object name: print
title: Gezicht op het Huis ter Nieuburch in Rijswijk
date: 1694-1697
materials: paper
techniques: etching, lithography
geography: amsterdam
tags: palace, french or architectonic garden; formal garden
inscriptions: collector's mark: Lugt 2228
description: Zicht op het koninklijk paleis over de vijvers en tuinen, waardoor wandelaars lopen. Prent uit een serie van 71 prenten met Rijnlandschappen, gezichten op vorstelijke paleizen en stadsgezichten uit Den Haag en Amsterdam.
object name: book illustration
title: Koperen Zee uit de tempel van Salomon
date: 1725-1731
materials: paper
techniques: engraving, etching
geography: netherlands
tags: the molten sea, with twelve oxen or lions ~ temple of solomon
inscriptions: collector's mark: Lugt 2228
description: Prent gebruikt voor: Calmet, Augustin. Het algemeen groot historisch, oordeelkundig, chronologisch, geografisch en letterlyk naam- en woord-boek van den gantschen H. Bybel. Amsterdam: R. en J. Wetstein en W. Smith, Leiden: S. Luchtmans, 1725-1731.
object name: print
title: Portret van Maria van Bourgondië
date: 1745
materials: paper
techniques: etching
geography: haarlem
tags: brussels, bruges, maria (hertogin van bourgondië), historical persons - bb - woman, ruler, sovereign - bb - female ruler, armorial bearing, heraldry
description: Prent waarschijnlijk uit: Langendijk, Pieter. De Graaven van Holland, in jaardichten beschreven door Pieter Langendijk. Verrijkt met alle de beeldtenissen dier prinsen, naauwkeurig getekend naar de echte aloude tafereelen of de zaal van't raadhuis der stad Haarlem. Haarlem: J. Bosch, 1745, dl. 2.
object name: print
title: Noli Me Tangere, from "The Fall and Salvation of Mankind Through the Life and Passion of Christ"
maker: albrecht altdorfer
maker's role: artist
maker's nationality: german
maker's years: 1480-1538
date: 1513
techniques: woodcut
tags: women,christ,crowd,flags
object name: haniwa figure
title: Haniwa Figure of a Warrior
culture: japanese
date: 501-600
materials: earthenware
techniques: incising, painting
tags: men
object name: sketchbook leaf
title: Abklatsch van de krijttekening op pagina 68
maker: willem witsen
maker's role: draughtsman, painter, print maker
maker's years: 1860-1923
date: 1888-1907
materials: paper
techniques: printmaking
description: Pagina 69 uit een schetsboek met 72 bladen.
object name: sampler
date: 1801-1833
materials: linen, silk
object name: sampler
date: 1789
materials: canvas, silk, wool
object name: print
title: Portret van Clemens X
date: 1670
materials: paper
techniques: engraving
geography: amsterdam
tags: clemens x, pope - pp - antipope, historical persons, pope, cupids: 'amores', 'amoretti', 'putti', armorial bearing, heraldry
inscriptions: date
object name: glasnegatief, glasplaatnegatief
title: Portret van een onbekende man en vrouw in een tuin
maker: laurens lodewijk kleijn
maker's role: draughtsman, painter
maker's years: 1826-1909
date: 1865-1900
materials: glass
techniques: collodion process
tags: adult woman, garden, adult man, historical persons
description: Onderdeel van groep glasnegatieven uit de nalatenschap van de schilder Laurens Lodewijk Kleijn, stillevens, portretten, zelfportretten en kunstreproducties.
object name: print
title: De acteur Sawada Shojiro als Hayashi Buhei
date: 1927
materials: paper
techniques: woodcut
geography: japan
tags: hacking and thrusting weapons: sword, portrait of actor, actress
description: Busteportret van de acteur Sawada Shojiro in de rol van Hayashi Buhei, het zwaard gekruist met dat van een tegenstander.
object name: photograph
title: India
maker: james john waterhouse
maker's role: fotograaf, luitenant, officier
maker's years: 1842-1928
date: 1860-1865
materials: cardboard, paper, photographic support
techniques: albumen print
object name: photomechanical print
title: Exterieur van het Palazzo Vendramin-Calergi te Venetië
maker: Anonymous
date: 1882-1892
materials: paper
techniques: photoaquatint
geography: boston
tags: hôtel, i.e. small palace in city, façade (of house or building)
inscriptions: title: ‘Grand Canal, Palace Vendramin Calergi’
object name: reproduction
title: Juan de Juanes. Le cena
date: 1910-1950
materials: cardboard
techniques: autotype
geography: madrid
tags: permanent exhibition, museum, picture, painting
————
* [Problem description]: The required output is the exact run of lines from the one with "geography: boston" through the final line of the entries.

* [Solved problem]:
geography: boston
tags: hôtel, i.e. small palace in city, façade (of house or building)
inscriptions: title: ‘Grand Canal, Palace Vendramin Calergi’
object name: reproduction
title: Juan de Juanes. Le cena
date: 1910-1950
materials: cardboard
techniques: autotype
geography: madrid
tags: permanent exhibition, museum, picture, painting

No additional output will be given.